It was the most memorable line in a U.S. Senate race with few
memorable lines.
Linda McMahon, the wrestling entertainment doyenne in her second go for a
Senate seat, turned from the camera during the first one-on-one debate last
month and looked her opponent, Congressman Chris Murphy, straight in the eyes.
"Shame on you," she scolded. "You thought this campaign was going to be a
coronation because you're a Democrat running in the state of Connecticut. Now
you're in a serious race with a serious woman, and you are desperate."
Murphy recoiled visibly with a nervous grin.

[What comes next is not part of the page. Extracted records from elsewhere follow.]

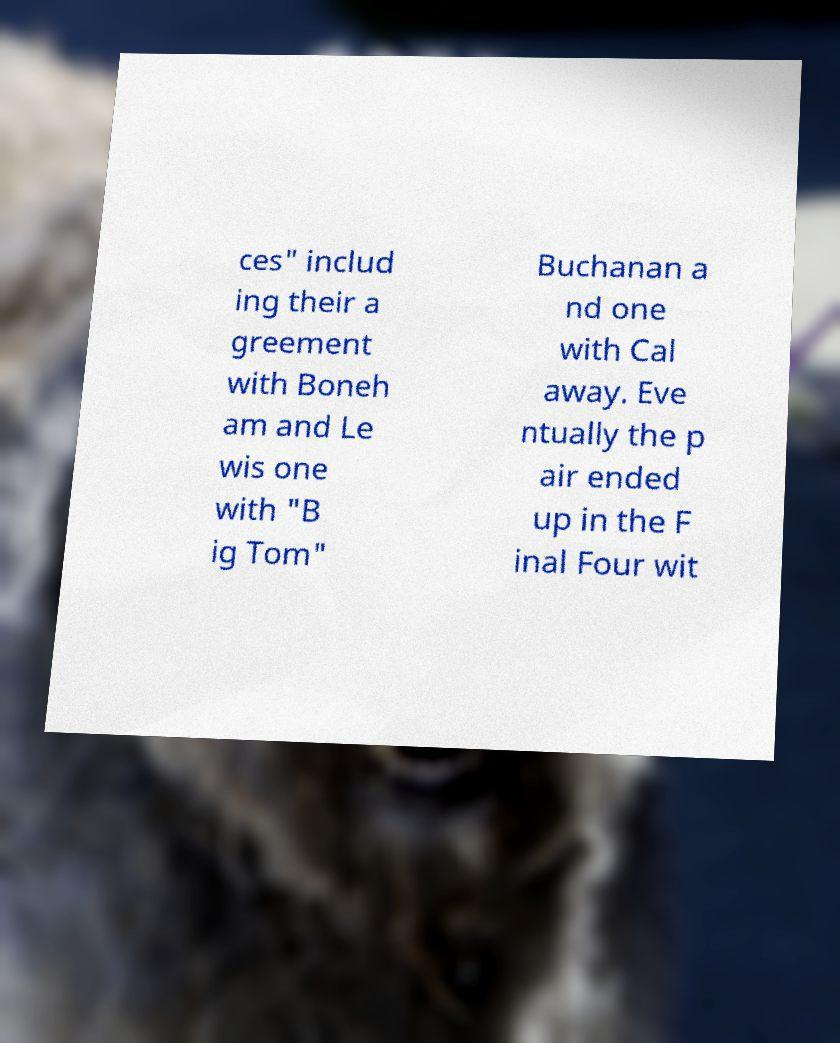Could you assist in decoding the text presented in this image and type it out clearly? ces" includ ing their a greement with Boneh am and Le wis one with "B ig Tom" Buchanan a nd one with Cal away. Eve ntually the p air ended up in the F inal Four wit 
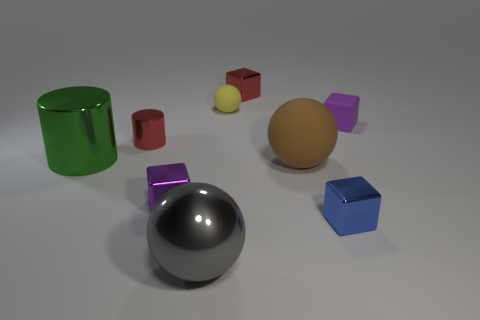Is the number of rubber blocks to the left of the red metallic cylinder greater than the number of tiny purple metallic objects that are in front of the blue thing?
Your answer should be compact. No. Are there any rubber blocks that have the same size as the purple shiny object?
Ensure brevity in your answer.  Yes. What size is the purple cube that is right of the small red object that is right of the tiny purple object that is to the left of the brown matte sphere?
Give a very brief answer. Small. What color is the big metal ball?
Your answer should be compact. Gray. Are there more tiny metal blocks that are in front of the big green metal cylinder than tiny red metallic blocks?
Your response must be concise. Yes. There is a red cylinder; how many green metal cylinders are on the right side of it?
Offer a very short reply. 0. There is a thing that is the same color as the tiny matte cube; what shape is it?
Ensure brevity in your answer.  Cube. Are there any big metal objects that are in front of the large sphere that is right of the thing that is in front of the tiny blue block?
Offer a very short reply. Yes. Do the green metal thing and the purple metal thing have the same size?
Your answer should be compact. No. Are there the same number of red objects that are in front of the large green shiny cylinder and rubber cubes that are behind the blue object?
Your response must be concise. No. 
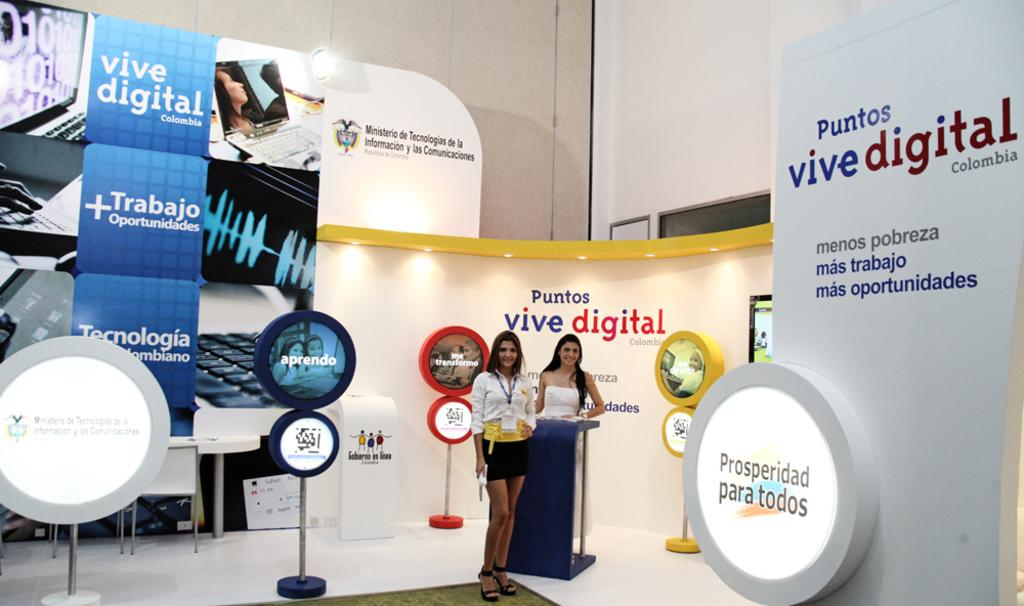How many women are in the image? There are two women in the image. What are the women doing in the image? The women are standing. What can be seen in the background of the image? There are hoardings visible in the image. What is the source of light in the image? There is a light in the image. What type of furniture is present in the image? There are chairs and a table in the image. What type of wound can be seen on the woman's arm in the image? There is no wound visible on any woman's arm in the image. What type of blood is present on the floor in the image? There is no blood present on the floor in the image. 
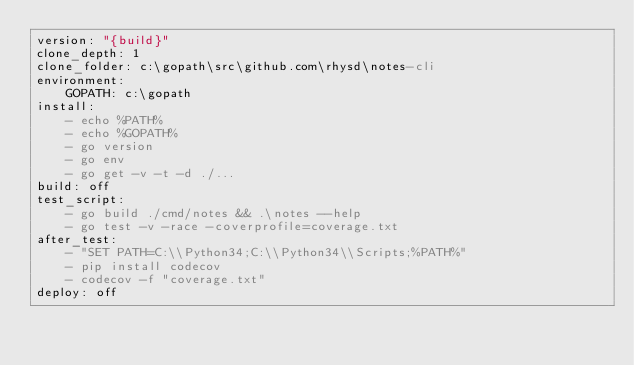Convert code to text. <code><loc_0><loc_0><loc_500><loc_500><_YAML_>version: "{build}"
clone_depth: 1
clone_folder: c:\gopath\src\github.com\rhysd\notes-cli
environment:
    GOPATH: c:\gopath
install:
    - echo %PATH%
    - echo %GOPATH%
    - go version
    - go env
    - go get -v -t -d ./...
build: off
test_script:
    - go build ./cmd/notes && .\notes --help
    - go test -v -race -coverprofile=coverage.txt
after_test:
    - "SET PATH=C:\\Python34;C:\\Python34\\Scripts;%PATH%"
    - pip install codecov
    - codecov -f "coverage.txt"
deploy: off
</code> 
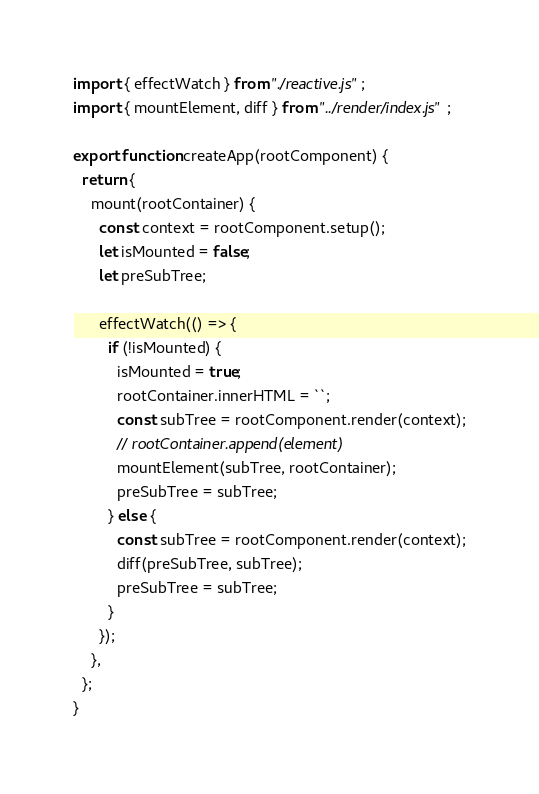<code> <loc_0><loc_0><loc_500><loc_500><_JavaScript_>import { effectWatch } from "./reactive.js";
import { mountElement, diff } from "../render/index.js";

export function createApp(rootComponent) {
  return {
    mount(rootContainer) {
      const context = rootComponent.setup();
      let isMounted = false;
      let preSubTree;

      effectWatch(() => {
        if (!isMounted) {
          isMounted = true;
          rootContainer.innerHTML = ``;
          const subTree = rootComponent.render(context);
          // rootContainer.append(element)
          mountElement(subTree, rootContainer);
          preSubTree = subTree;
        } else {
          const subTree = rootComponent.render(context);
          diff(preSubTree, subTree);
          preSubTree = subTree;
        }
      });
    },
  };
}
</code> 
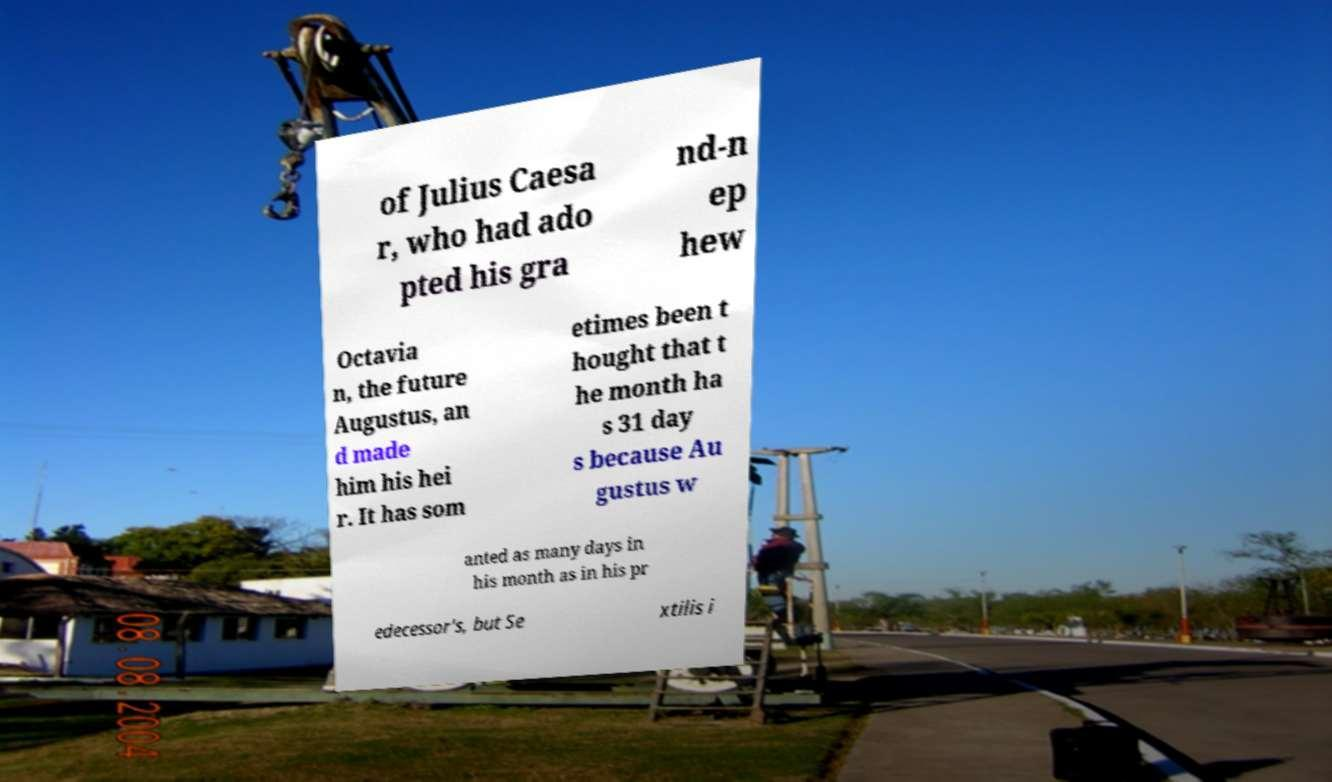Could you assist in decoding the text presented in this image and type it out clearly? of Julius Caesa r, who had ado pted his gra nd-n ep hew Octavia n, the future Augustus, an d made him his hei r. It has som etimes been t hought that t he month ha s 31 day s because Au gustus w anted as many days in his month as in his pr edecessor's, but Se xtilis i

The three-term congressman scored a few points that day on policy
particulars and the origins of McMahon's much-touted jobs plan, but he
couldn't refute the essence of the taunt: that the 39-year-old Murphy could be
the next Democratic Senate nominee in a deep-blue state to be embarrassed by a
Republican.
Now, a month later and two days to go before Election Day, their contest
to succeed the retiring Joe Lieberman has a much different feel.
McMahon, 64, has lost her post-primary lead in the opinion polls, once as
high as 3 percentage points. She now trails by 6 points in the latest
Quinnipiac University and Rasmussen polls.
The Oct. 24 Q-poll found that McMahon's unfavorable rating -- the bane of
her failed 2010 Senate bid -- is on the rise, despite efforts to recast her
image and appeal to women voters. Two years ago, McMahon was the tough
corporate executive who thrived in the male-dominated wrestling world. In
2012, she is a warmer, grandmotherly business expert who knows how to
jumpstart an economy. The McMahon campaign disputes any notion that her late
summer momentum has petered out.
"Our internal polling still shows us with a slight lead in this race, as
it has consistently for the last several weeks," said McMahon's campaign
spokesman, Todd Abrajano. "The difference is going to be made in which
campaign gets their voters out to the polls, and we are quite confident. Linda
McMahon's supporters are much more enthusiastic for her than Chris Murphy's
supporters are for him."
The outcome Tuesday could determine which political party controls the
U.S. Senate. There are 23 Democratic and 10 Republican seats up for election
this year. Democrats hold a thin 51-47 majority over the Republicans, with two
independents. Lieberman is one of those independents.
Connecticut has not elected a Republican to the U.S. Senate since Lowell
P. Weicker Jr. won re-election in 1982. The state's five-member congressional
delegation is all Democrats.
A different race
McMahon holds the record for the most personal spending by any Senate
candidate -- a growing total of at least $92 million over two campaign cycles.
The Greenwich multimillionaire spent $50 million of her family's fortune
in 2010, her first attempt at elected office. Richard Blumenthal, the state's
longtime attorney general, overcame bad publicity over misstatements about his
Vietnam-era military service record to trounce McMahon by 12 percentage
points.
McMahon has loaned $42.6 million to her 2012 campaign, according to a New
York Times' analysis of campaign finance records.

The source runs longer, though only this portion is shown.